### Aim of the task
The records are to be repeated exactly, and any images in them are to be dropped.

### Listed entries

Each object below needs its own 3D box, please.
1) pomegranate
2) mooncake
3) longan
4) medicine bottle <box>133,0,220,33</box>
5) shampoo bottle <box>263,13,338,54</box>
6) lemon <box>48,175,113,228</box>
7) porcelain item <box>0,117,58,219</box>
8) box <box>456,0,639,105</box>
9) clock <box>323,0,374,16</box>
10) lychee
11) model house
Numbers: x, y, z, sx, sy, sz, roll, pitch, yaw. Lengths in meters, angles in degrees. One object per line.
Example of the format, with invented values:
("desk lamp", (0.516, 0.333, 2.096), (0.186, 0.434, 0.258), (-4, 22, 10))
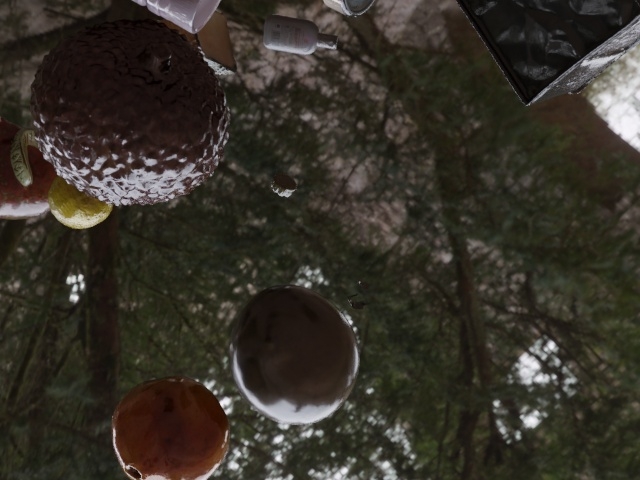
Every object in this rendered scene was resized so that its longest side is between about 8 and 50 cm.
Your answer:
("pomegranate", (-0.258, 0.330, 1.419), (0.209, 0.209, 0.209), (17, -136, -17))
("mooncake", (0.006, -0.005, 1.850), (0.150, 0.057, 0.347), (-11, -108, -34))
("longan", (-0.051, 0.215, 1.530), (0.257, 0.258, 0.258), (17, -136, -17))
("medicine bottle", (-0.259, -0.414, 1.176), (0.249, 0.133, 0.133), (29, -138, -2))
("shampoo bottle", (-0.044, -0.456, 1.844), (0.165, 0.080, 0.040), (9, -149, 2))
("lemon", (-0.411, -0.075, 1.420), (0.109, 0.133, 0.109), (16, -115, -36))
("porcelain item", (-0.666, -0.172, 1.774), (0.252, 0.253, 0.253), (17, -136, -17))
("box", (0.388, -0.442, 1.366), (0.204, 0.251, 0.345), (-23, -101, -45))
("clock", (0.072, -0.529, 1.648), (0.063, 0.156, 0.229), (32, -149, 20))
("lychee", (-0.244, -0.159, 1.062), (0.260, 0.261, 0.261), (17, -136, -17))
("model house", (-0.334, -0.484, 2.061), (0.183, 0.172, 0.167), (8, -111, -66))

### Response
Each object below needs its own 3D box, please.
1) pomegranate
2) mooncake
3) longan
4) medicine bottle <box>133,0,220,33</box>
5) shampoo bottle <box>263,13,338,54</box>
6) lemon <box>48,175,113,228</box>
7) porcelain item <box>0,117,58,219</box>
8) box <box>456,0,639,105</box>
9) clock <box>323,0,374,16</box>
10) lychee
11) model house
Numbers: x, y, z, sx, sy, sz, roll, pitch, yaw. Lengths in meters, angles in degrees. One object per line.
Example of the format, with invented values:
("desk lamp", (0.516, 0.333, 2.096), (0.186, 0.434, 0.258), (-4, 22, 10))
Every object in this rendered scene was resized so that its longest side is between about 8 and 50 cm.
Your answer:
("pomegranate", (-0.258, 0.330, 1.419), (0.209, 0.209, 0.209), (17, -136, -17))
("mooncake", (0.006, -0.005, 1.850), (0.150, 0.057, 0.347), (-11, -108, -34))
("longan", (-0.051, 0.215, 1.530), (0.257, 0.258, 0.258), (17, -136, -17))
("medicine bottle", (-0.259, -0.414, 1.176), (0.249, 0.133, 0.133), (29, -138, -2))
("shampoo bottle", (-0.044, -0.456, 1.844), (0.165, 0.080, 0.040), (9, -149, 2))
("lemon", (-0.411, -0.075, 1.420), (0.109, 0.133, 0.109), (16, -115, -36))
("porcelain item", (-0.666, -0.172, 1.774), (0.252, 0.253, 0.253), (17, -136, -17))
("box", (0.388, -0.442, 1.366), (0.204, 0.251, 0.345), (-23, -101, -45))
("clock", (0.072, -0.529, 1.648), (0.063, 0.156, 0.229), (32, -149, 20))
("lychee", (-0.244, -0.159, 1.062), (0.260, 0.261, 0.261), (17, -136, -17))
("model house", (-0.334, -0.484, 2.061), (0.183, 0.172, 0.167), (8, -111, -66))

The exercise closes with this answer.